Let’s play a game!  We’ll call it “Where’s Lebowski?”–because I’m hiding!

Did you find me?  I’m the dog in the middle of the picture!  My mommy tells me all the time that I’m not a good helper, but I totally just helped you.  I am too a good helper.  See!  I have an ulterior motive in sharing this lovely picture of myself today.  I’m hoping to prod my mommy into taking me back to this spot near the Friendship Bridge in Julia Davis Park this afternoon.  It’s a beautiful fall day, bright and sunny, and perfect for a good long walk.

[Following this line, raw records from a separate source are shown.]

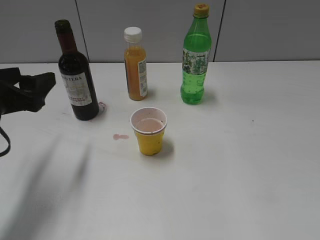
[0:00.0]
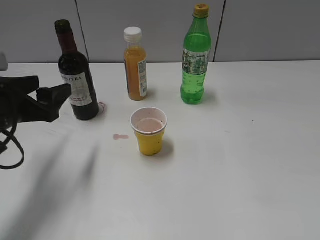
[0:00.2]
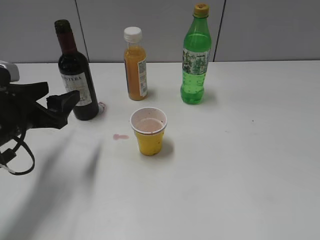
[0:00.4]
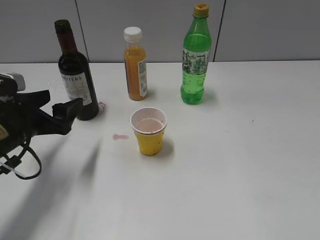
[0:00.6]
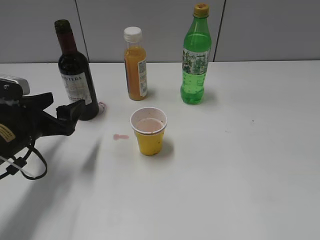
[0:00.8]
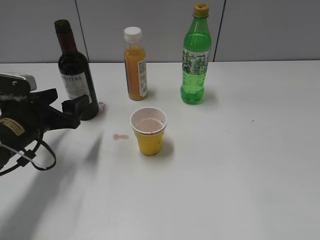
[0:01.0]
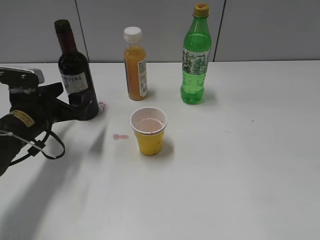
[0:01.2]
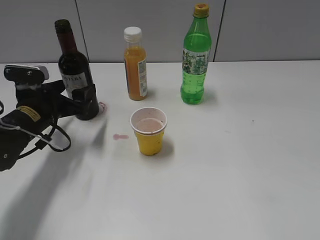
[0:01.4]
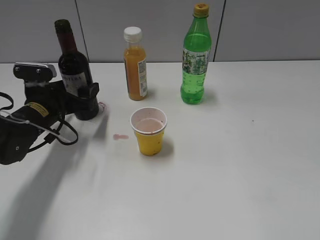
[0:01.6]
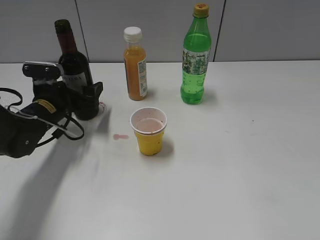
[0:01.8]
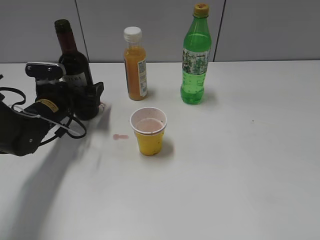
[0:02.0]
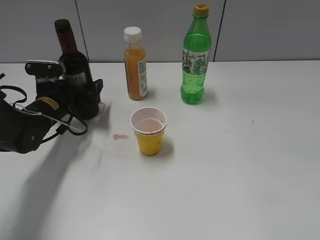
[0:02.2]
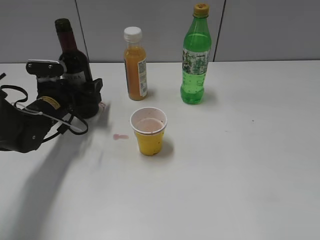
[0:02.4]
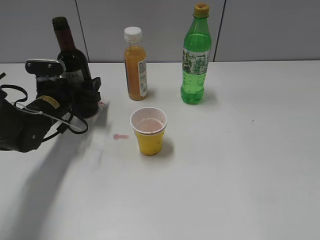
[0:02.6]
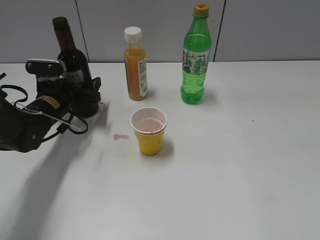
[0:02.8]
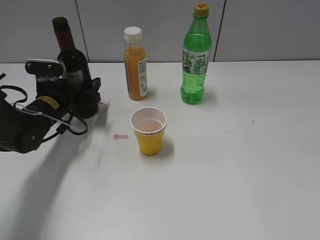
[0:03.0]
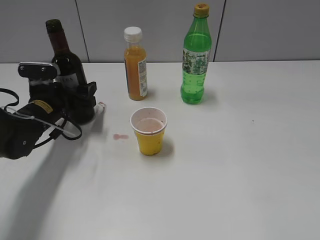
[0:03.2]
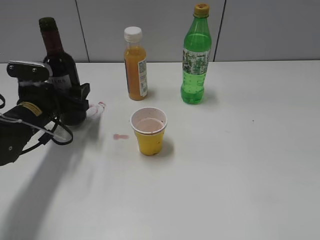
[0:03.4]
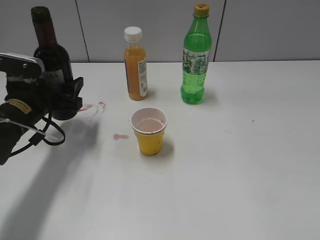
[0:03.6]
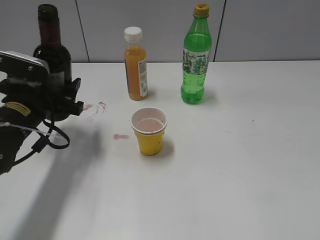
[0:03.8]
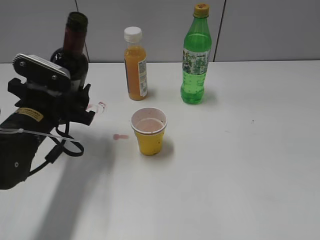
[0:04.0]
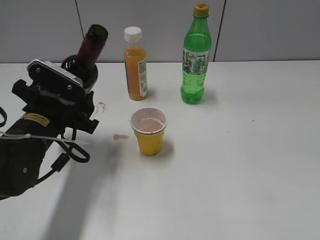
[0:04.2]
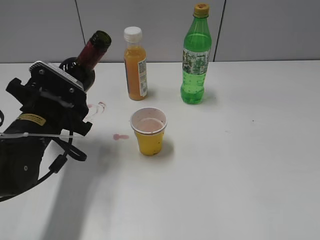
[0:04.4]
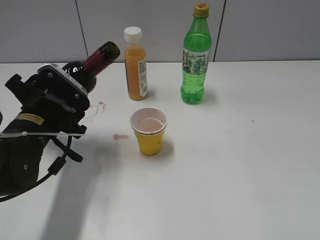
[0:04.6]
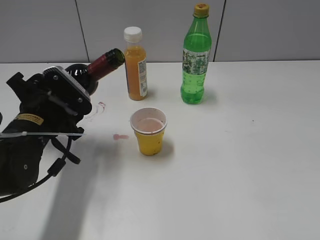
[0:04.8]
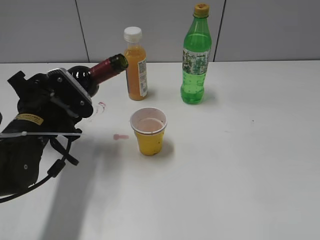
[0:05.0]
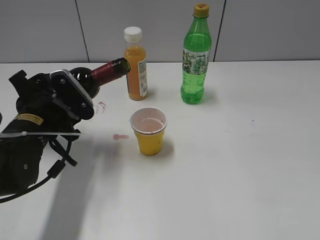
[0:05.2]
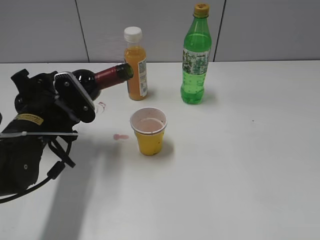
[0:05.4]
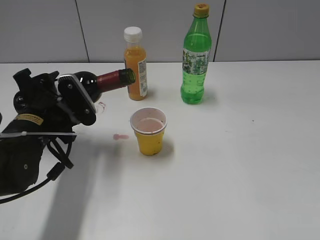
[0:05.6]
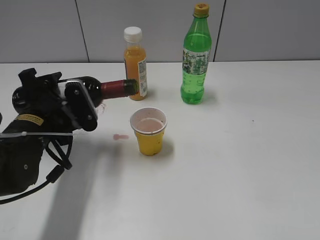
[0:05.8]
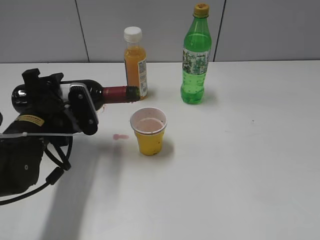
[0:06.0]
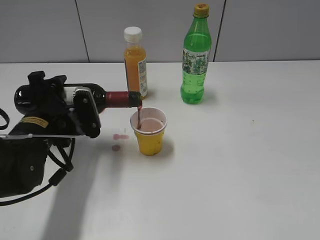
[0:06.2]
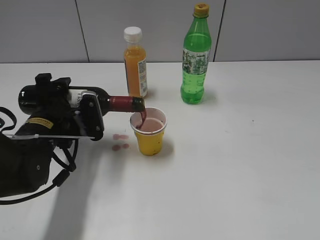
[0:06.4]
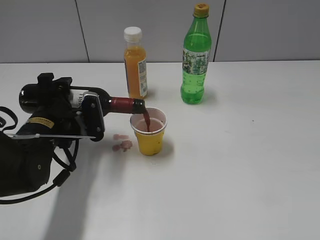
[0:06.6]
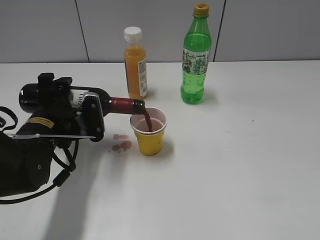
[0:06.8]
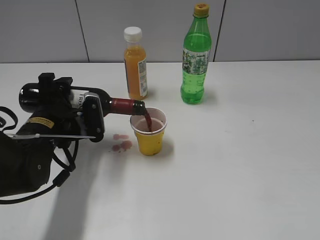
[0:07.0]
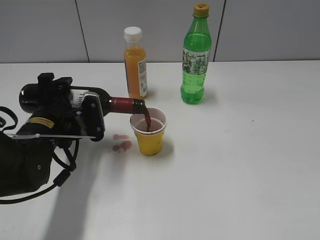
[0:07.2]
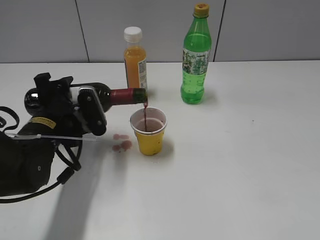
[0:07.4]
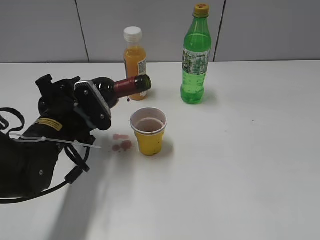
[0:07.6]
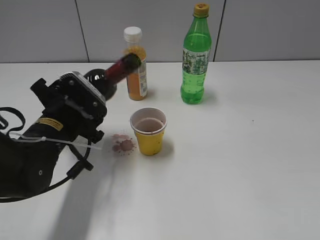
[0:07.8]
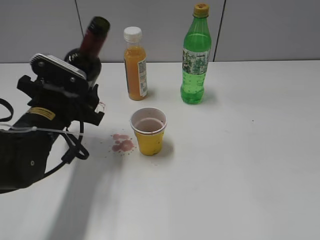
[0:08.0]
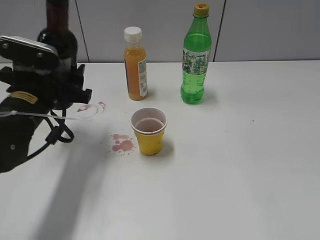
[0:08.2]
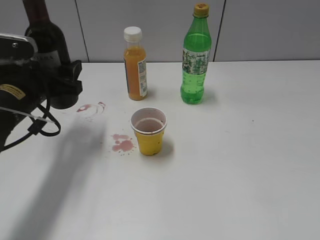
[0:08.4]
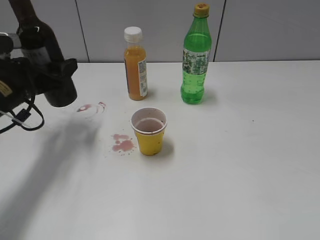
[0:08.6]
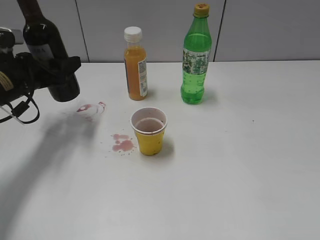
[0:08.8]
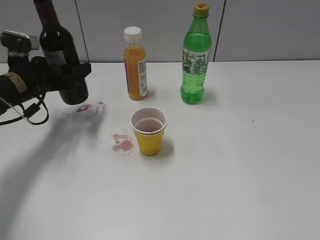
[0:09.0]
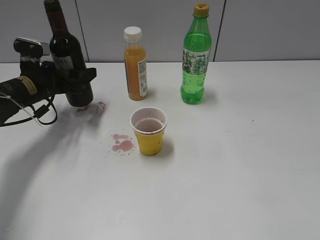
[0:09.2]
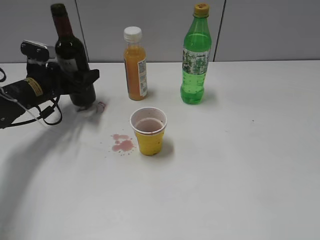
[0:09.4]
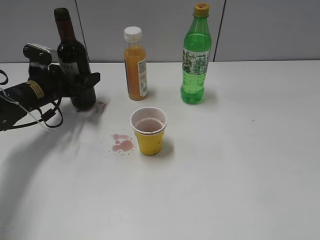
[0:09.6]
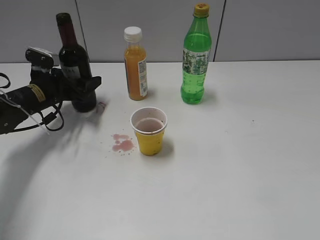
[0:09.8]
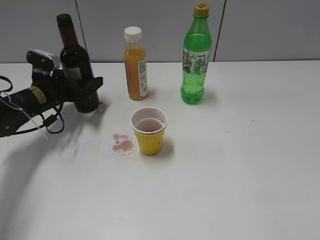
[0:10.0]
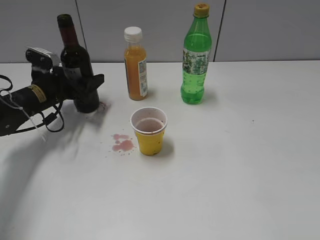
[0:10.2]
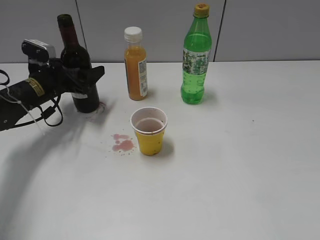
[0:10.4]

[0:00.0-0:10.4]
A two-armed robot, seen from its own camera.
Step, 0:00.0 to 0:02.6: Grasp the bottle with red wine with left gripper.
Step, 0:02.8 to 0:07.6: Pour the red wine from bottle to cup with left gripper.
0:00.0 to 0:01.4: The left gripper shifts about 15 cm downward and forward.
0:01.4 to 0:03.0: The left gripper moves approximately 5 cm, and closes up.
0:03.0 to 0:04.4: The left gripper heads backward and upward, covering about 10 cm.
0:06.0 to 0:07.4: There are only small adjustments of the grippers.
0:07.4 to 0:09.0: The left gripper moves forward and to the left, approximately 10 cm.
0:09.0 to 0:10.4: The left gripper changes place by about 5 cm, and opens up.

The Greenbelt is one of my favorite places.  I get to walk for a long long time, and there’s tons of stuff to sniff, and I get to make lots of new friends!  Mommy tells me all the time that not everyone wants to be my friend, but I think she’s just saying that to keep the wonderfulness that is me all to herself.  I mean, come on, I am charming!  I drool!  I sniff!  I bounce! And I offer my tummy for scratches!  I can’t imagine that anyone wouldn’t want to be friends with me.  Okay, keep your fingers crossed that I get to go play outside this afternoon.  Smell ya later!

Dude out

24

09 2010

Play time

Geez Louise! Sometimes my mommy is so boring! I am ready for playtime! chase the puppydog! Give the puppy big belly scratches! Feed the puppydog from the treat cupboard over the stove! Not nighty night time. We all know how that can go terribly awry. Plus, it’s only 9:30! Play time!

23

09 2010

Alert!

I almost got in really big trouble the other night.  Morning.  Maybe it was night.  I don’t really know.  Anyway, I was sleeping, and so was my mommy.  And it was pretty chilly, and I was doing my snuggle job.  At least, I started out the night snuggling, but by the time the thing I’m about to tell you about happened I’d shifted around a bit.

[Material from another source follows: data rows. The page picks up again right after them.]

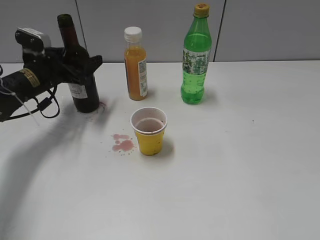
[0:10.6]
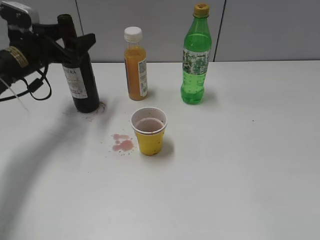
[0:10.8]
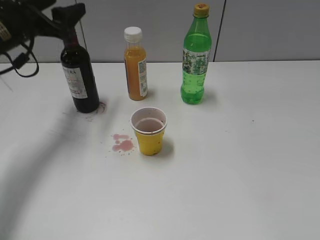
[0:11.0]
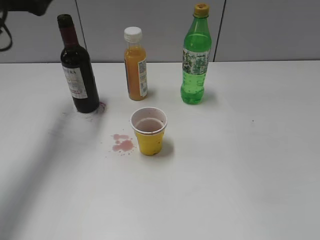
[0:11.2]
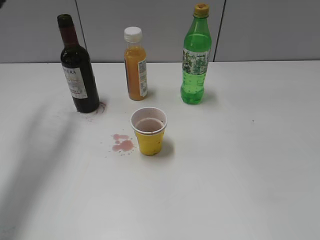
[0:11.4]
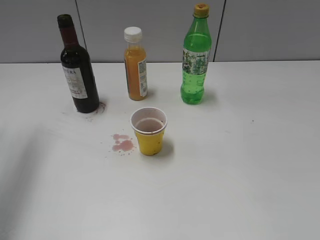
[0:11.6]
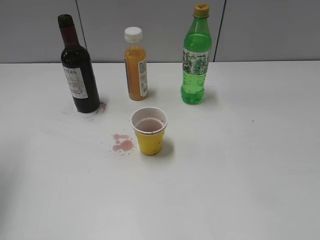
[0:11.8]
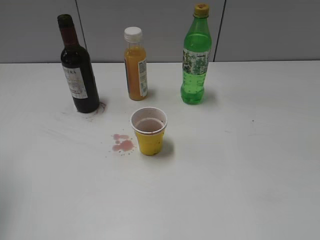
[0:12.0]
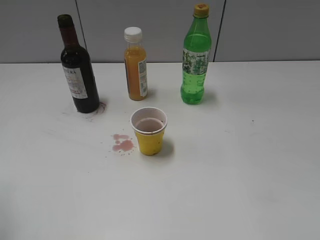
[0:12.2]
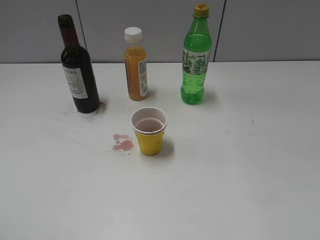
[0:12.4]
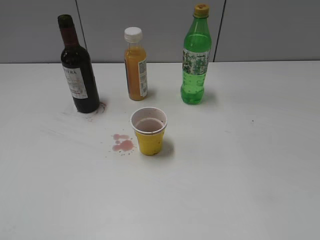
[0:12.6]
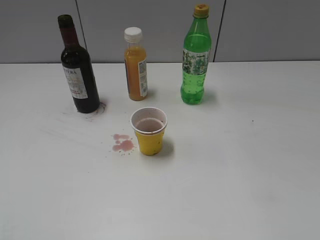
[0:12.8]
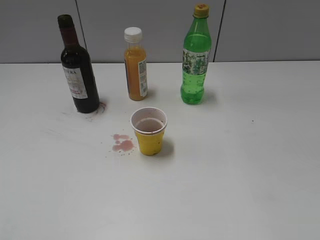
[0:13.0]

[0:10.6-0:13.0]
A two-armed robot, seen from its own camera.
0:10.6 to 0:11.8: The left gripper heads upward, backward and to the left, covering some 25 cm.
0:11.8 to 0:13.0: The left gripper goes about 25 cm backward.

So there we are, in the middle of the night.  I’m snoozing horizontally across the bed, with my feet in the air like I just don’t care.  My mommy is all squished, hanging over the edge, and she claims that I was hogging all the covers.  When she woke up shivering, she decided to yank some of the blankets out from under me.  As you can see what happened next is 100% her fault.  I, the wonderful puppy dog, am blameless.  When she gave that monstrous tug, my hind leg gave an involuntary wiggle and came in contact with her head.  This is the real story.  If you hear otherwise, like that rumor that I “kicked her in the eye”, don’t believe a word.  I’m a gentle giant–120 pounds of sweetness.  Not some midnight kicker!